Connect with your LOCAL Girl Scout Troop and contribute to their cookie initiative while enjoying some yummy treats!

The Girl Scout organization has a lot to offer outside of just cookies for our young future leaders, and I would urge you to look at their website to find ways to get involved and/or contribute.

***I’m a s’mores fan, which is a regional cookie here in the SW. I have heard rumors about a french toast cookie on the East coast!!!

I’m a huge advocate for our young leaders starting early in developing the skills and knowledge that they will leverage as they enter the workforce later in life. There are tons of other great opportunities besides Girl Scouts and our involvement and contributions as adults has a huge impact!
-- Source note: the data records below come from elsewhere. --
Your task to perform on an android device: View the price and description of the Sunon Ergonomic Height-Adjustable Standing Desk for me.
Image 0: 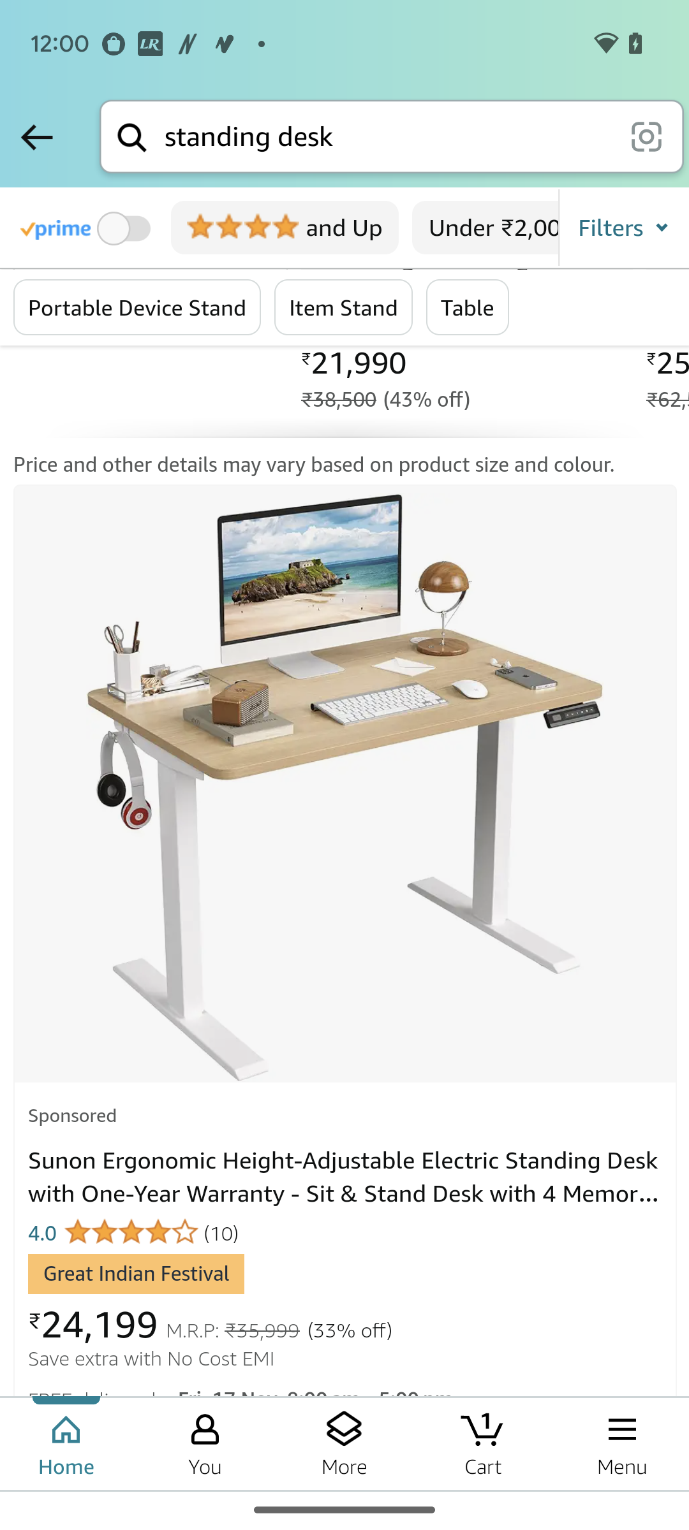
Click on the Image of Sunon Ergonomic Height-Adjustable Standing Desk.
Step 0: click (345, 788)
Image 1: 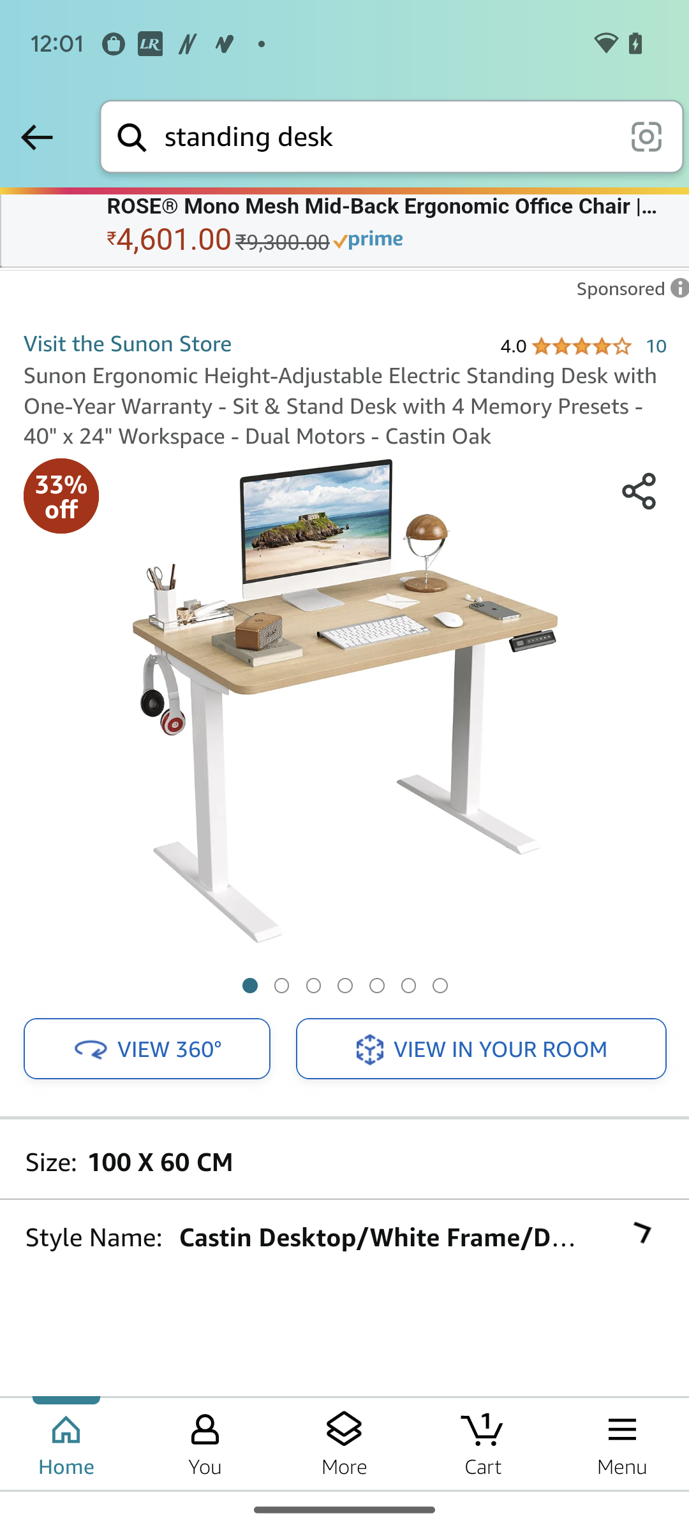
Scroll up
Step 1: scroll down
Image 2: 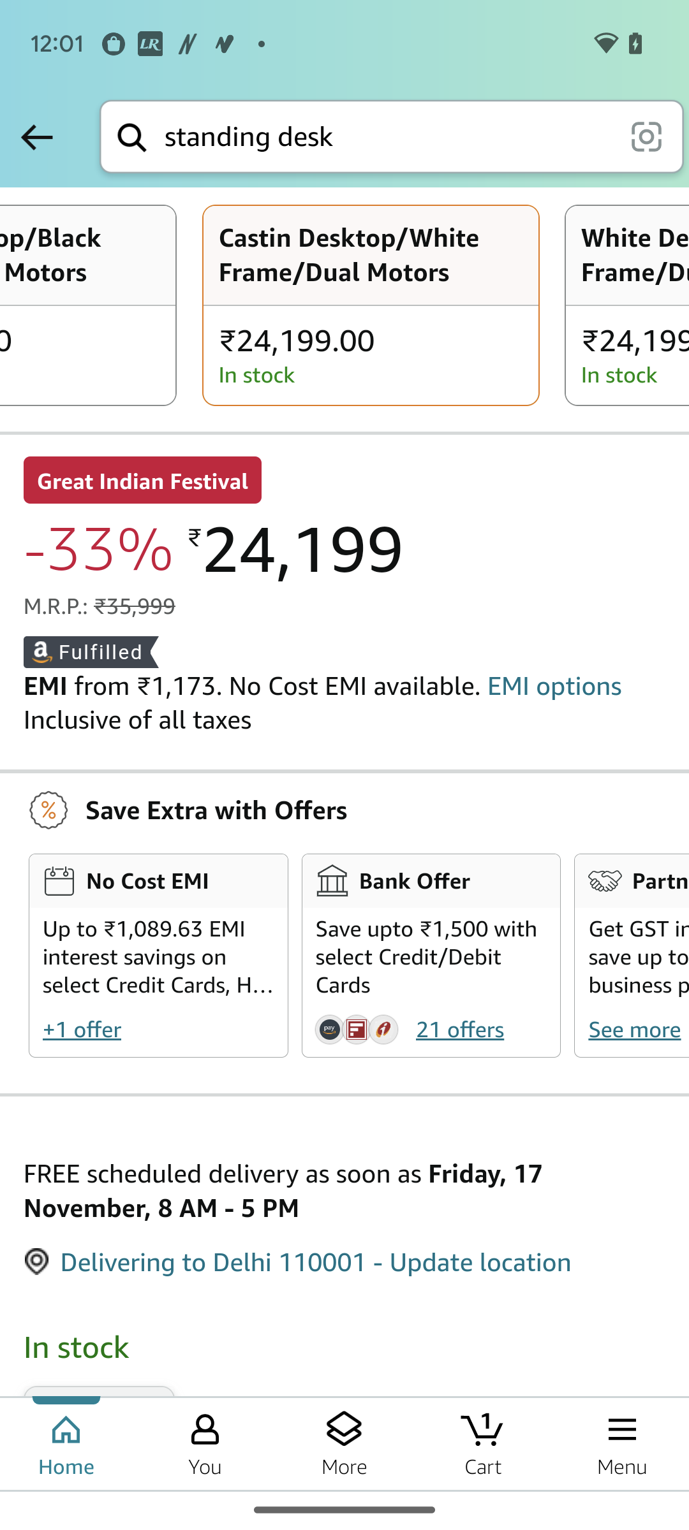
Scroll up
Step 2: scroll down
Image 3: 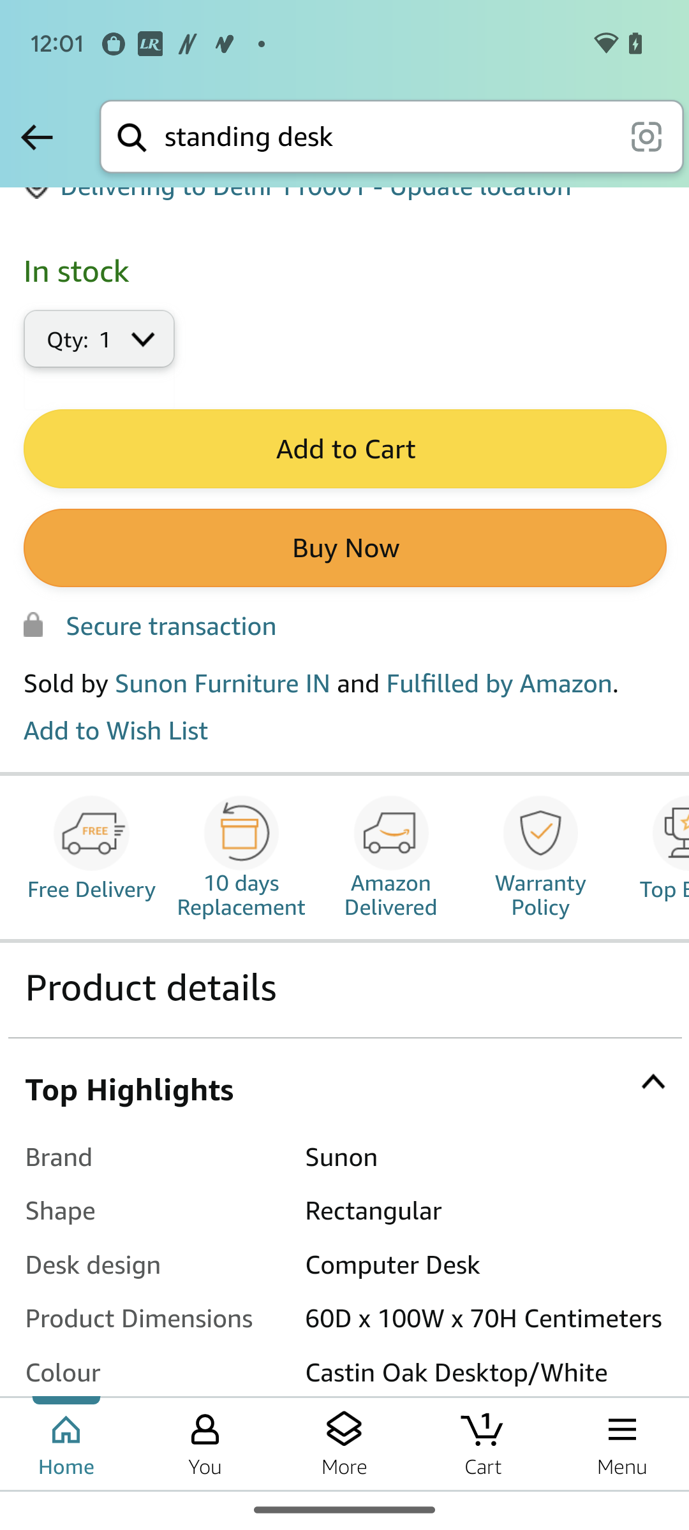
Scroll up
Step 3: scroll down
Image 4: 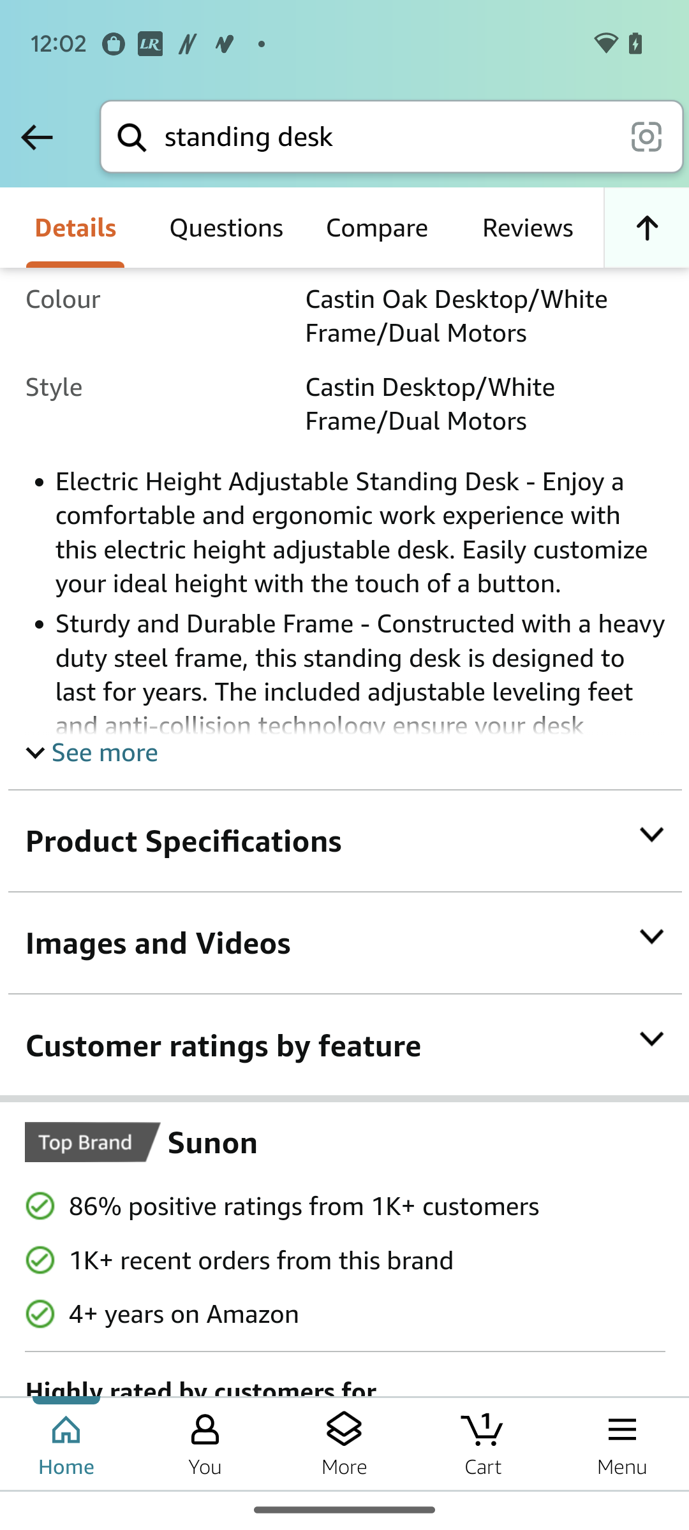
Click on the tab "See more".
Step 4: click (91, 753)

Cheers, and like my blue furry friend the Cookie Monster says -> "Om nom nom nom"!

(...I intentionally did not link a specific Troop’s cookie site such as ours, as I feel it’s best to contribute to your local Troop 😉)

@Ooh-Rah - Here’s a picture for you to resize buddy 😎. Thanks


----------



## Jaknight (Jan 17, 2021)

I remember when I was doing security for a dispensary and some Girl Scouts set up shop right outside about a few stores down. They cleaned house everyone bought cookies lol


----------